-- What the task requires --
The required result is each line of the entries below containing the string "corners".

----------------------------------------

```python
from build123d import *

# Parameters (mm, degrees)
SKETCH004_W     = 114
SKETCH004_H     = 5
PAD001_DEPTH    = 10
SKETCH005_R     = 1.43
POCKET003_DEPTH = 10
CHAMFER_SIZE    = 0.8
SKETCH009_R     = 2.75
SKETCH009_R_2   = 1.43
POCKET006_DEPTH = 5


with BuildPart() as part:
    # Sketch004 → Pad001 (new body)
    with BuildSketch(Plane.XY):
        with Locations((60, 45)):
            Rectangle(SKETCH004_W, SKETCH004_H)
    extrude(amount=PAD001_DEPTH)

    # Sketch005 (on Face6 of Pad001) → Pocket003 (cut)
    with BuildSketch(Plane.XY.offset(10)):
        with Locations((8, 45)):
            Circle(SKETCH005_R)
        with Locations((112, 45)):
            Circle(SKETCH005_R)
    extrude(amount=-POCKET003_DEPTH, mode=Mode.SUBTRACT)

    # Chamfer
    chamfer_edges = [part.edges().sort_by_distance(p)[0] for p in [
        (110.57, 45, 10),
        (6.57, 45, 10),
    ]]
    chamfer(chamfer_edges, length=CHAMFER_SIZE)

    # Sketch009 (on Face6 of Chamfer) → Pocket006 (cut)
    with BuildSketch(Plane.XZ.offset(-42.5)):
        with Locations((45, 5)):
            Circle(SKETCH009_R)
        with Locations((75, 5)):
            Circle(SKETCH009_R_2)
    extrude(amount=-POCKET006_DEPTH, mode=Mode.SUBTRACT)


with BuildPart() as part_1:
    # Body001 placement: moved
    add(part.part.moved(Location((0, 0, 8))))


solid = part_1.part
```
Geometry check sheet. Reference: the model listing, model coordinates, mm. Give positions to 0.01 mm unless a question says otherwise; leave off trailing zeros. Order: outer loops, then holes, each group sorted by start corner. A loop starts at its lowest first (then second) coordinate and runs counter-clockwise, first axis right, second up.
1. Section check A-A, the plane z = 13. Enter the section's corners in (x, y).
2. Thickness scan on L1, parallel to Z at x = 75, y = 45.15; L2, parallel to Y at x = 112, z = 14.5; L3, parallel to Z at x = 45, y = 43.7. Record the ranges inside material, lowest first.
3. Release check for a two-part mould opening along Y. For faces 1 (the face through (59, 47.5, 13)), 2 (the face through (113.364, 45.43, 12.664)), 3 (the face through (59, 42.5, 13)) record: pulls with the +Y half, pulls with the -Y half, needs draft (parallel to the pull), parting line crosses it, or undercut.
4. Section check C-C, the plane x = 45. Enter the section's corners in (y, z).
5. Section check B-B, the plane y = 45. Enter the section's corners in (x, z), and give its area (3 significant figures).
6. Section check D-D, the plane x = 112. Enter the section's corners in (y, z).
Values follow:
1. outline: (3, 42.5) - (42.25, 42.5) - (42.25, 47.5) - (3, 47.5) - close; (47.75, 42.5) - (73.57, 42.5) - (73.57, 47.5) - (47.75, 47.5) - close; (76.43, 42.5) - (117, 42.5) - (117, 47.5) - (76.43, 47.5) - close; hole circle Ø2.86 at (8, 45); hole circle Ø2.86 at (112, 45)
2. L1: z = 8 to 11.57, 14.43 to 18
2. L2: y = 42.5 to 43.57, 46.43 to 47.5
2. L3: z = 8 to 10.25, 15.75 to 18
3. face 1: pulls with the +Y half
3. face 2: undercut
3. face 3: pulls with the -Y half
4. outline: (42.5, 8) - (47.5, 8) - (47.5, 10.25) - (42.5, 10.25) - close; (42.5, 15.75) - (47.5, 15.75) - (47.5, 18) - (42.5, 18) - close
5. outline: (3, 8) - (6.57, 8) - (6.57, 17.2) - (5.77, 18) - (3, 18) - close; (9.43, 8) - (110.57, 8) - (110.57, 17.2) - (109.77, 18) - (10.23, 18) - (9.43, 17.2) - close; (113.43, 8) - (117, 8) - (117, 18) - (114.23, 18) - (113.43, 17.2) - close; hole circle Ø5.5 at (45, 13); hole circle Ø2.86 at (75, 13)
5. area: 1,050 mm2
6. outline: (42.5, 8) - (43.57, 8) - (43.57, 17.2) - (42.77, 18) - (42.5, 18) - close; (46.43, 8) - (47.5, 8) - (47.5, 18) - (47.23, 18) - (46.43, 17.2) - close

----------------------------------------

-- Response to the exercise --
1. Section check A-A, the plane z = 13. Enter the section's corners in (x, y).
4. Section check C-C, the plane x = 45. Enter the section's corners in (y, z).
5. Section check B-B, the plane y = 45. Enter the section's corners in (x, z), and give its area (3 significant figures).
6. Section check D-D, the plane x = 112. Enter the section's corners in (y, z).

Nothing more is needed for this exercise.